The 2013 version of the Bill would have allowed this, provided the State took the property in question as “custodian”, rather than as “owner”. These provisions have gone. The new Bill reiterates that foreign investors will be treated equally with South African ones, but only “in like circumstances”. Some foreign investors have expressed concern that they might thus be penalised if they have done less than local companies on black economic empowerment (BEE) requirements, for instance.

The new Bill includes a long list of the factors to be taken into account in assessing whether circumstances are indeed “like”. This list includes “the effect of the foreign investment” on the country, “the effect on employment”, and “factors relating to the foreign investment”, but the wording used is often too vague to provide much guidance.

In addition, equal treatment for foreign investors could prove illusory, as the Bill indicates that the “level of security” provided to them will also depend on “available resources and capacity”. Even if “like circumstances” are found to exist and foreigners merit equal treatment with South African investors, there is little for their comfort in this.
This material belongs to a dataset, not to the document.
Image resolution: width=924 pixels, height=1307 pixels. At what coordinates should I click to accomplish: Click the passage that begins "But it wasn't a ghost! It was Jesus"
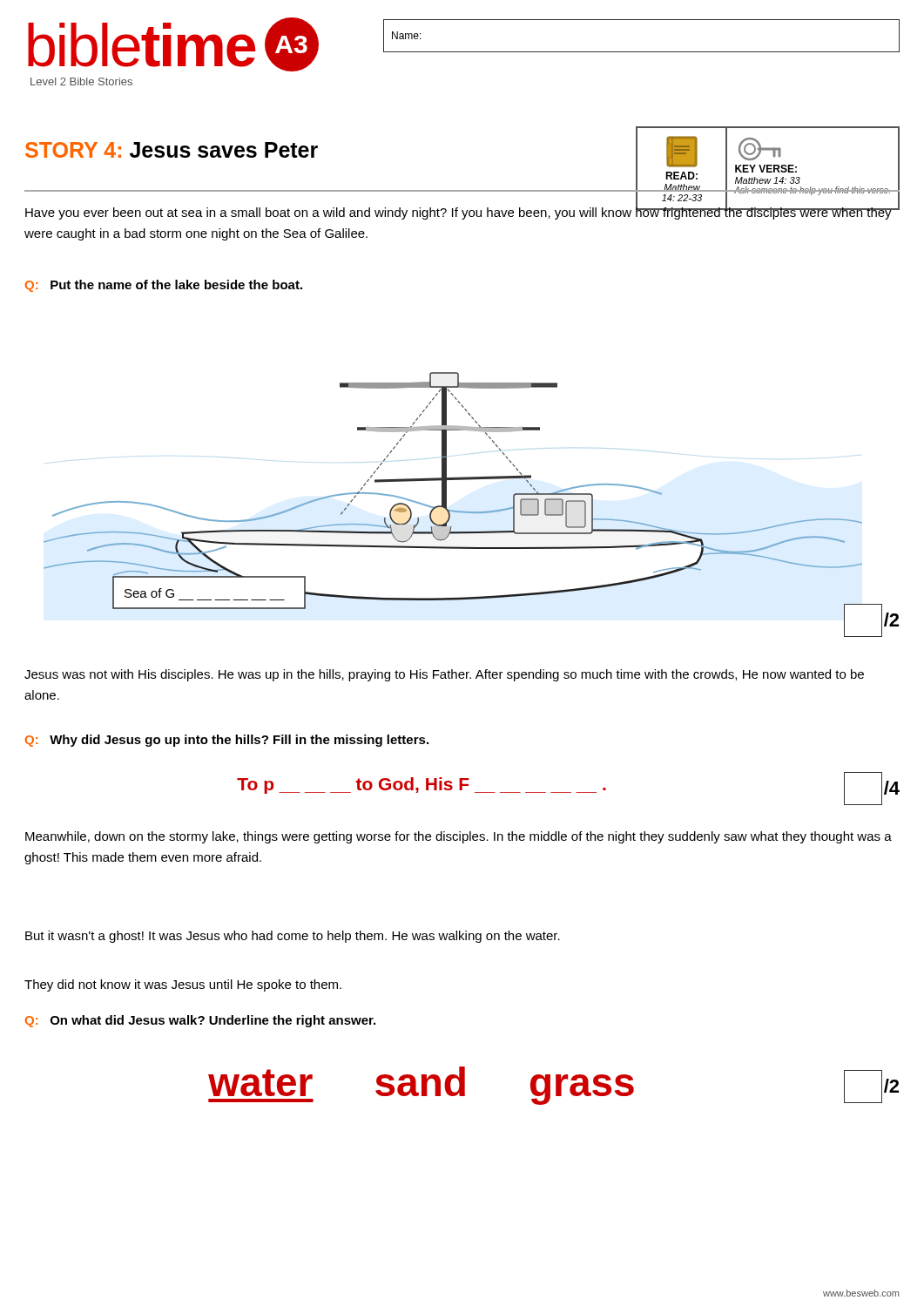click(x=292, y=935)

For what South African investors now confront is not only the Expropriation Bill, but also a host of other damaging bills and statutes.

What these legislative interventions have in common is that they:

  • undermine property rights (examples include the Expropriation Bill, the re-opened land claims process, and a further bill seeking to vest all agricultural land in the “custodianship” of the State);
  • limit business autonomy (in particular, through new BEE rules on ownership, managerial appointments, and preferential procurement); and
  • increasingly seek to bring about the regulatory or “indirect” expropriation of businesses, for which the Expropriation Bill will provide no compensation.
     

Indirect expropriation arises where the State itself does not acquire ownership, but regulation nevertheless deprives owners of many of the usual powers and benefits of ownership. One example is the Private Security Industry Regulation Amendment (PSIRA) Bill of 2012, still to be signed into law, which will require foreign security companies to transfer 51% of their equity to South Africans.

Also relevant here are the new BEE generic codes of good practice, which are already putting great pressure on small firms, in particular, to transfer 51% of their ownership to BEE investors at heavily discounted prices.

All these laws make for an onerous and constantly shifting policy environment. This, of course, erodes the regulatory certainty that investors require before they can prudently commit their capital and other resources to the country.

In addition, there are many practical obstacles to doing business in South Africa. Among these are the Eskom debacle; the country’s parlous education system (ranked fourth last in the world); its fractious labour relations (rated worst across the globe); its high input costs and limited competitiveness, its unemployment crisis and resulting social instability; and a government so inefficient that this itself has become one of the worst obstacles to doing business here.

Both foreign and local investors thus have good reason to give South Africa a wide berth. But the Government seems careless of the enormous hardship this will cause. This hardship will fall most heavily on the 8.7m people now unemployed, who have little prospect of ever finding jobs in the hostile business environment the ANC has fostered.

* Anthea Jeffery is the head of policy research at the Institute for Race Relations. She is also the author of People’s War: New Light on the Struggle for South Africa and BEE: Helping or Hurting?